Digitakt vs Octatrack

Apologies beforehand, this is probably the 9000th time this question’s been asked around here.
I am looking around for a drum machine / sampler, for a new music project/band.
Industrial / Noise / Sludge / Punk, and whatever floats in between.
I’m looking for a machine that can fullfill live duties, maybe combined with vocals.
To write songs together with a guitar/bass player, and eventually play live…

Have been drooling over Elektron gear for the past few years, and am finally able and mentally ready to dive in.
I mainly dabble in harsh noise, and have limited expierence with synths/FX.
Most of my knowhow comes from just trying out stuff, being amazed and having fun.
Elektron gear always scared me a little bit, because of the steep learning curve.

But now that the idea of starting a new band has become a concrete thing, I am ready to dive in.
So please, can someone advise me on what machine would suit my needs best?
I know the OT can be used as a drum machine, to create songs from scratch, I’ve seen people do it.
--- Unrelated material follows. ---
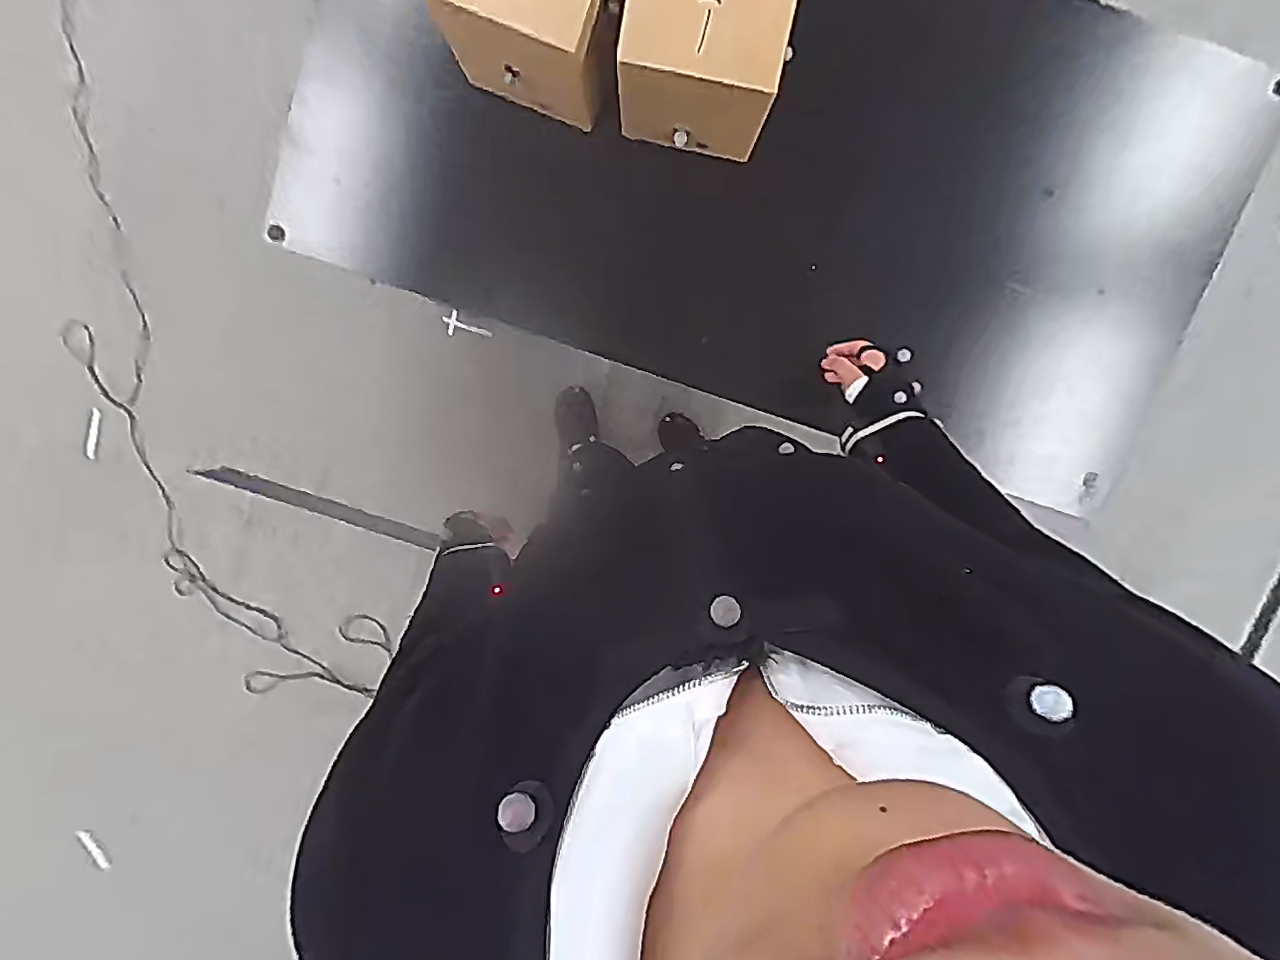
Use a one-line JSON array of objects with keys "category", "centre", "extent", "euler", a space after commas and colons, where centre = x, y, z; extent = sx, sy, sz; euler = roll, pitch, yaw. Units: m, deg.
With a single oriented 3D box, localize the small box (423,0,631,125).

At the moment, I’m leaning more towards the OT side, mainly because of the huge live potential.
Am I overlooking something?

Thanks a lot, in advance.
Hope this message finds all of you well.

One love.


As currently OT owner and ex DK owner, I’d say
— try DK at first, it is cheaper and newer technology, and maybe will fully satisfy you.
Also it is easier (you write “Punk”)so you less likely will be stressed during the performance.
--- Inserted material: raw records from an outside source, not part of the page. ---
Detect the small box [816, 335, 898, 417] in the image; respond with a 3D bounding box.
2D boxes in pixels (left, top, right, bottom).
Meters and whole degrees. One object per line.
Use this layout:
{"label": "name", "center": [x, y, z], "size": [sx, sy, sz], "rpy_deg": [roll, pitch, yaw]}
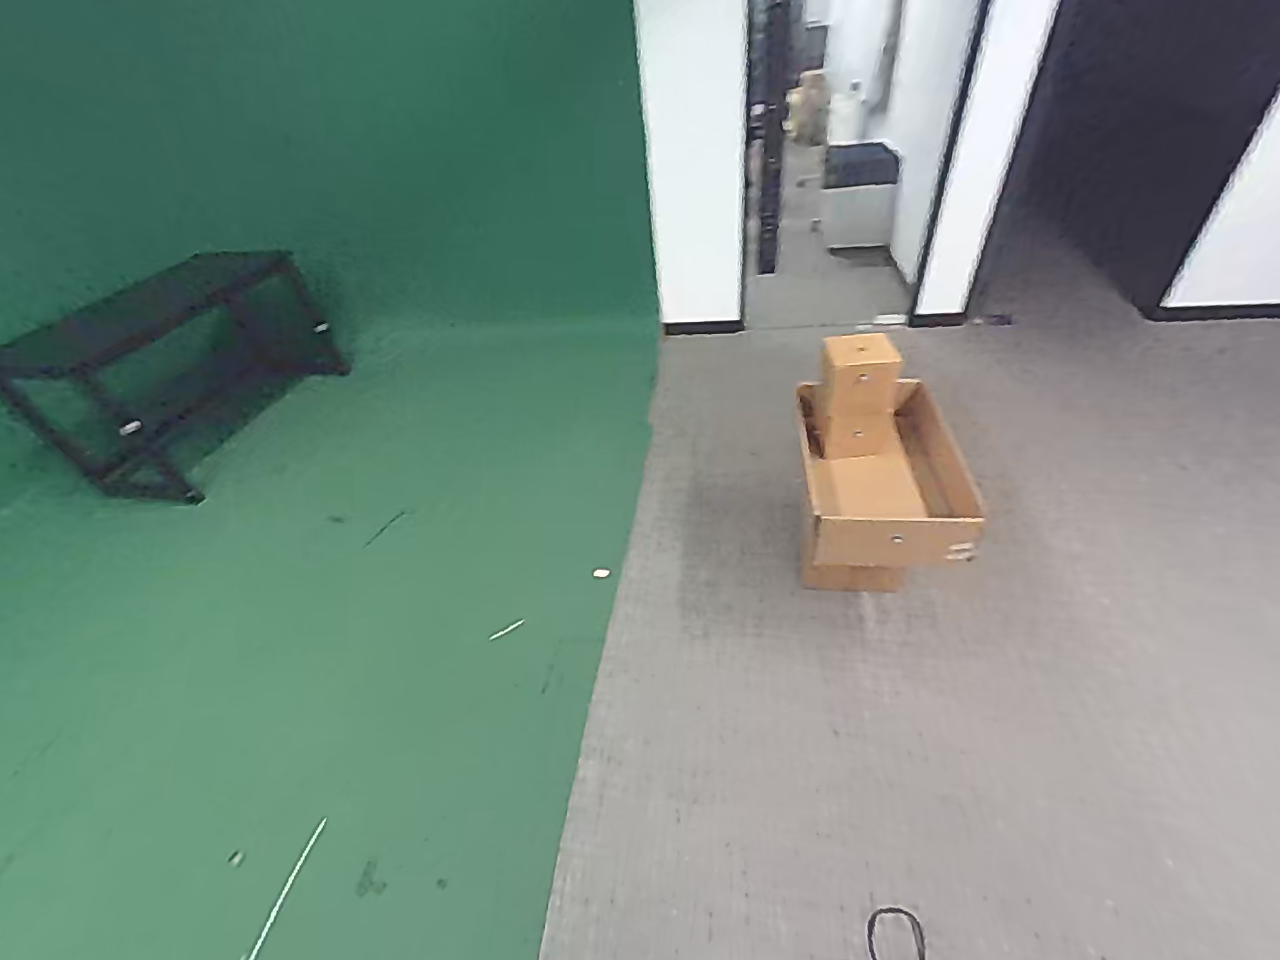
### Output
{"label": "small box", "center": [0.620, -0.300, 1.568], "size": [0.179, 0.176, 0.168], "rpy_deg": [-4, 42, 6]}

I switched to OT, because I wanted to

  1. be able to make dj-like transions between my songs — not possible on DK
  2. cut my old Ableton music into stereo stems — DK consider all samples as mono

I make mostly techno, but sometimes play ambient-drone with a friend and for such a “wall of noise” approach I like OT’s “slots” mode, where you can choose from up to 128 samples, loop them on the fly and layer using 8 tracks, maybe even with resampling, maybe it will be valueable to yours “Noise” music.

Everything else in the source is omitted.